HOW TO COMPLETE THIS TASK:
For the string "meters", count the lines in the records below that contain it. Answer with that number alone.

*****

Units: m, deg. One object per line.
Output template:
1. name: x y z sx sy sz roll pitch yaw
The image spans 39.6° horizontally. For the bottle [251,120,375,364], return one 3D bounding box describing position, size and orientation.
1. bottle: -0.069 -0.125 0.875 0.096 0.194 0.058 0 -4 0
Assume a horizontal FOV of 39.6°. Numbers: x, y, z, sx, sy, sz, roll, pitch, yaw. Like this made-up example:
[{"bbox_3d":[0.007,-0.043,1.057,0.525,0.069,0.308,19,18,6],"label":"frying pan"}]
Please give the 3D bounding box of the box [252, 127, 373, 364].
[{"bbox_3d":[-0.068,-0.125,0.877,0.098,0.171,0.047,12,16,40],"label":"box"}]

*****

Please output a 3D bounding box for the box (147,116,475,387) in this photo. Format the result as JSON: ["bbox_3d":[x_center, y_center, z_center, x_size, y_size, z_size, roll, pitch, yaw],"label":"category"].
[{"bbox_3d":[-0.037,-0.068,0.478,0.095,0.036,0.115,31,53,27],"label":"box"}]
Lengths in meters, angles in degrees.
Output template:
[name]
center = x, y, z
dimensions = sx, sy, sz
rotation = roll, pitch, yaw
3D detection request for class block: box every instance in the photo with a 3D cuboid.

*****

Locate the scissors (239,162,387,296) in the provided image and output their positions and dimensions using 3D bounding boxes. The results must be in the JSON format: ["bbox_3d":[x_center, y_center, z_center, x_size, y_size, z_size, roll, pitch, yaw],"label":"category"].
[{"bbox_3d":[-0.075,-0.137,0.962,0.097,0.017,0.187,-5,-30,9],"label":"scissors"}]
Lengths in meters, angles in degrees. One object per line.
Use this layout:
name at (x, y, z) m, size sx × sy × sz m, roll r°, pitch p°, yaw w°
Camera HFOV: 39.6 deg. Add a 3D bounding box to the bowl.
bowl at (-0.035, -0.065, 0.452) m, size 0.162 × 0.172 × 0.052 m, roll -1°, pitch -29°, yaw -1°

*****

FINISHED EXERCISE:
2